Drastically changing my lifestyle and thought patterns over the last couple of weeks has created space for an abundance of beauty to enter my life. I feel myself connecting to nature on an entirely new level of intensity and intricacy. The polarity of this means the city has become more stressful and anxiety riddled, while the mountains, the oceans and the rivers have become places of healing, a space to access inner stillness and refuel my strength. Ultimately,the goal is to be able to remain in a state of tranquility, confidence and calm whilst amidst the chaos of the city and not allow the frenetic energy of the metropolis to pull me under. This is still a work in progress.

The downside to this process of awakening is the loneliness. Shedding layers and releasing the habitualised and unconscious patterns of the past, I move away from social scenes that I was a part of. I am realising that preserving my energy is of vital importance right now, particularly as I head into my second week of chemotherapy and choosing who to surround myself with is important as I need to expend my energy on those who are able to give me energy back. This might sound egoic, but the intention is good.

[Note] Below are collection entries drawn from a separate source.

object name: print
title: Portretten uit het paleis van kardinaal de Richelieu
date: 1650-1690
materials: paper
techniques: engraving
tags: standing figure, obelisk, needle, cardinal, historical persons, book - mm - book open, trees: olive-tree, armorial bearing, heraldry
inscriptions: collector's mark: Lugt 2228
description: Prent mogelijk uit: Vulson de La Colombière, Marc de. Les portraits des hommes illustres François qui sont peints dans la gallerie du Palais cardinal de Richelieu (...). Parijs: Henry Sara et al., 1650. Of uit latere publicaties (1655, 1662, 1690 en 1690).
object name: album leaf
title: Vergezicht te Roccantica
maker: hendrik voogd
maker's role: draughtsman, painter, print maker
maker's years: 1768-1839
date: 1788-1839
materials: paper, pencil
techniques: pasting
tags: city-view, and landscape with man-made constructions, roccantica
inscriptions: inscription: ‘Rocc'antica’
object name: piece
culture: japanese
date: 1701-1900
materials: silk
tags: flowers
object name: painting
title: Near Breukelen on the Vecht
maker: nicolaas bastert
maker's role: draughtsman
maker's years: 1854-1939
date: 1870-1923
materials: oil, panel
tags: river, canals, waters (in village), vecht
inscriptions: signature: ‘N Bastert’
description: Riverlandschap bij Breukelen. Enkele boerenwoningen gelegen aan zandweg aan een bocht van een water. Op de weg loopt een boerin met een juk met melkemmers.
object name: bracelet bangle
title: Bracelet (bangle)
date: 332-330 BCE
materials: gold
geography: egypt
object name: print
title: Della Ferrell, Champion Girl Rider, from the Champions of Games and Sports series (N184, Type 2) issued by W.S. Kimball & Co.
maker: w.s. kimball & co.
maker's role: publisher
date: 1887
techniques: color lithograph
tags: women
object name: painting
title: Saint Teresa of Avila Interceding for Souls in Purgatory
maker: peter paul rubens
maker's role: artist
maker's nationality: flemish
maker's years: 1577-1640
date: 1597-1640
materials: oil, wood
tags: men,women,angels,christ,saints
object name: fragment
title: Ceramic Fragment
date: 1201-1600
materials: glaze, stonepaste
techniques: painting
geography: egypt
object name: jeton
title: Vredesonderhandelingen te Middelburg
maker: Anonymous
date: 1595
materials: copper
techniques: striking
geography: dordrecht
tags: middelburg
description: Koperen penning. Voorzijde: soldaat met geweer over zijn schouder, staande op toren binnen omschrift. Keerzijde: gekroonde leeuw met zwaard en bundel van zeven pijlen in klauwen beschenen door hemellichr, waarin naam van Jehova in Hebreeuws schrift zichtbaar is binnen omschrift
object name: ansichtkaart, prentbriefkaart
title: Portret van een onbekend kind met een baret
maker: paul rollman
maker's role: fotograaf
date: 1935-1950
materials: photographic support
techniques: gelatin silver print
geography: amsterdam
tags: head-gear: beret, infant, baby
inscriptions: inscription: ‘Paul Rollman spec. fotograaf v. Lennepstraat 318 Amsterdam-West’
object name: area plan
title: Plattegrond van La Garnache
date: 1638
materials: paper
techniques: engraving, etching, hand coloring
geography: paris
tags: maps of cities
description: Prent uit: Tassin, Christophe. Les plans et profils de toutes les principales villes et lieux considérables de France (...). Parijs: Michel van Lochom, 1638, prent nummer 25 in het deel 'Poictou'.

I can’t have surface level conversations anymore. The storm inside of me is ploughing too deep. I need to go deeper. My soul is yearning for meaningful conversations and a deeper sense of understanding of our purpose here on Earth. Luckily, the universe is doing most of the work for me. As I transcend, the right people seem to step into my space and the wrong people seem to exit. The conversations I have had with people over the last week have been helpful, enabling intellectual growth and understanding.

I am also becoming deeply conscious of my thoughts and their ability to completely consume me and take control of my emotions. The thoughts that enter our minds are only illusions, created by the voice in our head that thrives on fear. Our natural state of being is stillness. Thoughts are completely illusory. However, realising the control my thoughts have over me and seeing these waves of cogitation as they arise as simply temporal creations of my mind is the challenge. It is so easy to allow a thought to pervade one’s entirety, to let it change your mood, alter your state of being.

I wrote this excerpt the other day as I sat beside the river…

As I awaken the true nature of the mind is being revealed to me. The mind is naturally still, without thoughts, without stress or turmoil. All anxiety, all fear, all worry, all emotion is derived from our incessant thinking. We think consistently, without end and it is these thoughts that cause our suffering. Without thoughts what do we have left. Stillness. It is simply what it is. You are alive. You are breathing. You are wherever you find yourself and that is where you are. But that is all. There is no more. Everything else you have created in your head. Everything else is a story you continually tell yourself, a story that you react too with sadness or joy. We think a thought and then respond emotionally to this thought. But this thought is a creation of our mind. It is an illusion. It is not real. All these stories we tell ourselves, of the past, of the future – they do not exist. We create them. Our natural minds are without emotion. The mind is equal. It does not cling to joy or to sadness. It just is. It is natural and at peace in the present moment. There is no need to be emotional over something that does not exist. If it is not in your present reality then it is not worth being concerned over. You will deal with the situation when it occurs. What is the point of feeling all this emotion over a situation that has not yet occurred?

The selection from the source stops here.